* Problem to work on
Starting with the line containing "#1 short metal cylinder [695,318,838,507]" and going on through the line containing "#4 short metal cylinder [818,405,1018,579]", return the lines of the data below exactly, and only those.

(Dataset records)
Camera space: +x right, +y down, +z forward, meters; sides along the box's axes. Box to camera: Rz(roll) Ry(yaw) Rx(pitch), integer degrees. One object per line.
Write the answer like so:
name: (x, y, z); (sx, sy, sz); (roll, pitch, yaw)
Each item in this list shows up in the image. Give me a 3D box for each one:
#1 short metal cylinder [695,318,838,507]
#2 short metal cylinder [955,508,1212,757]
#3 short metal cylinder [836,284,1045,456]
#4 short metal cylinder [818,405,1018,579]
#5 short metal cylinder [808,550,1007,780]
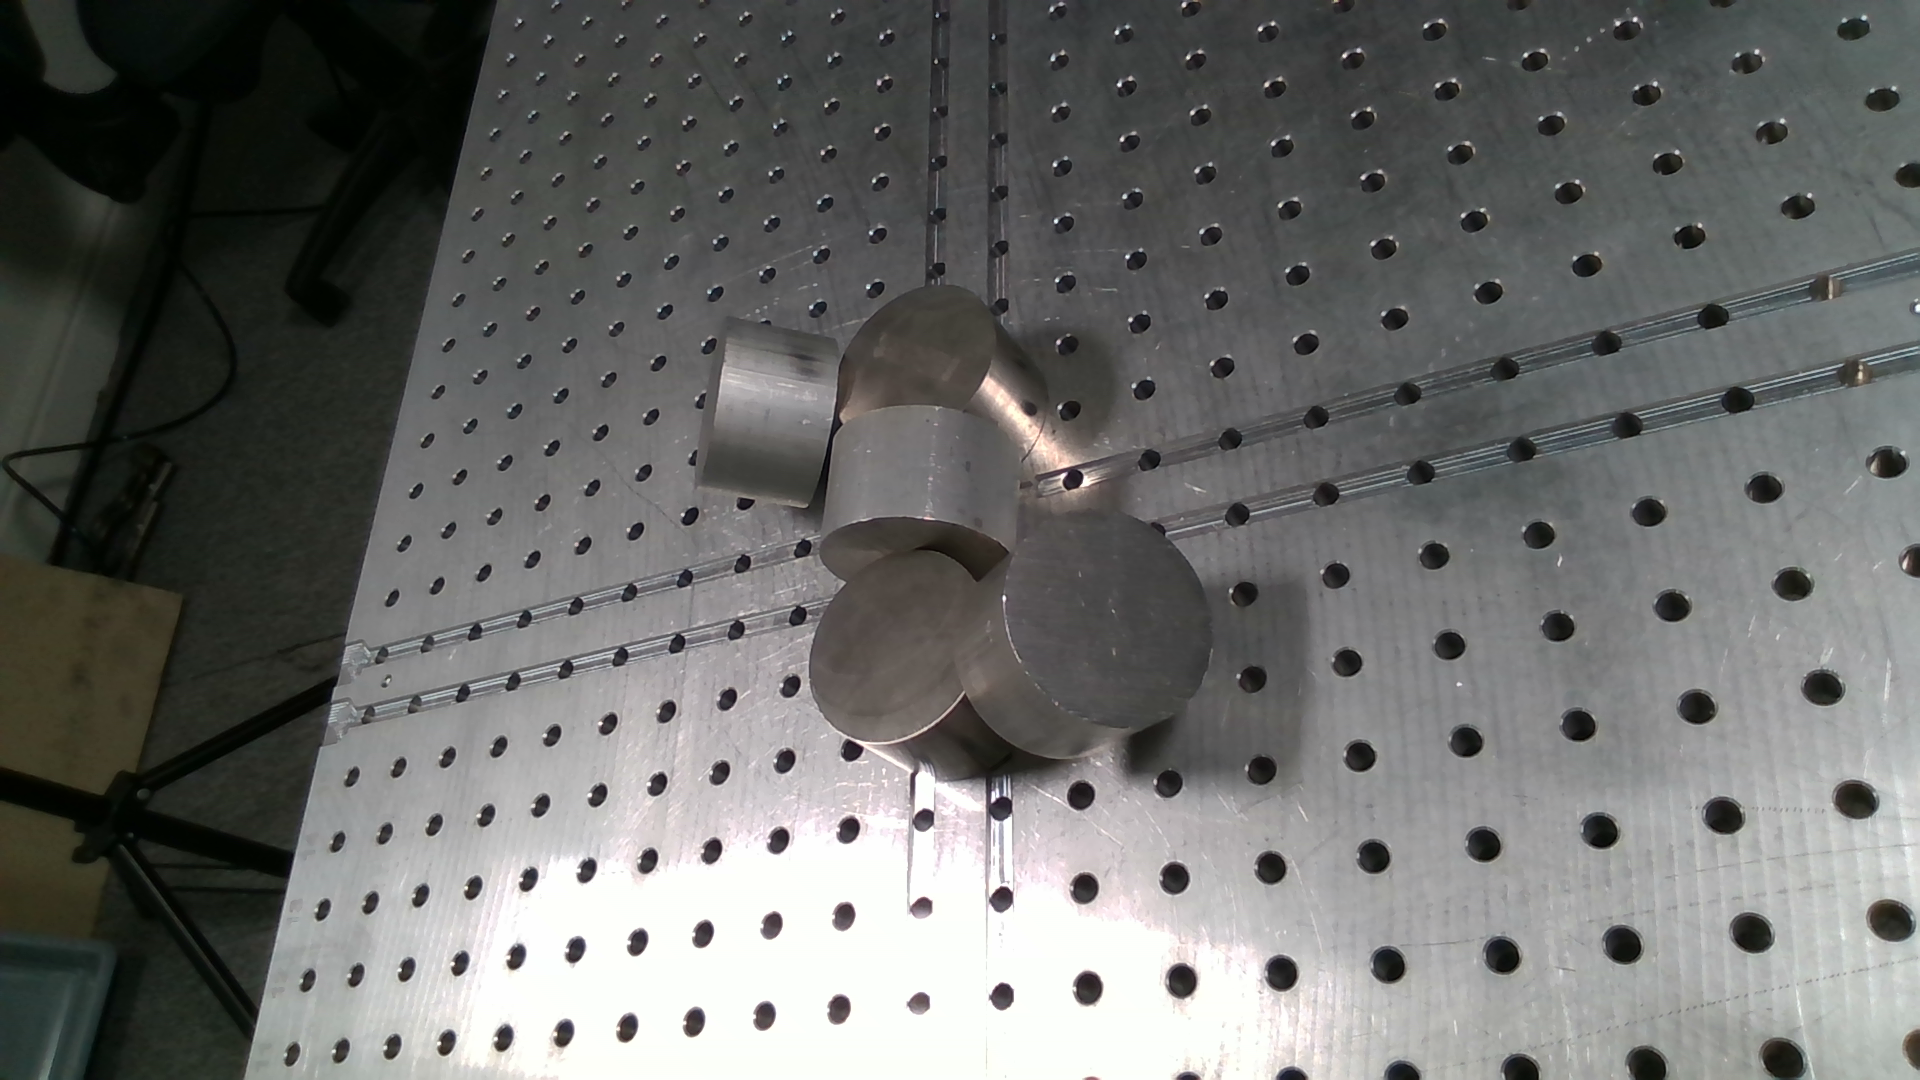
short metal cylinder: (-0.090, -0.058, 0.632); (0.080, 0.050, 0.080); (-171, 91, -75)
short metal cylinder: (0.043, 0.035, 0.499); (0.050, 0.080, 0.080); (134, 147, -61)
short metal cylinder: (-0.008, -0.066, 0.611); (0.080, 0.050, 0.080); (-14, 59, 25)
short metal cylinder: (-0.016, -0.013, 0.570); (0.080, 0.080, 0.050); (-10, 61, 27)
short metal cylinder: (-0.013, 0.051, 0.553); (0.080, 0.050, 0.080); (-14, 59, 25)

* Result for this exercise
#1 short metal cylinder [695,318,838,507]
#2 short metal cylinder [955,508,1212,757]
#3 short metal cylinder [836,284,1045,456]
#4 short metal cylinder [818,405,1018,579]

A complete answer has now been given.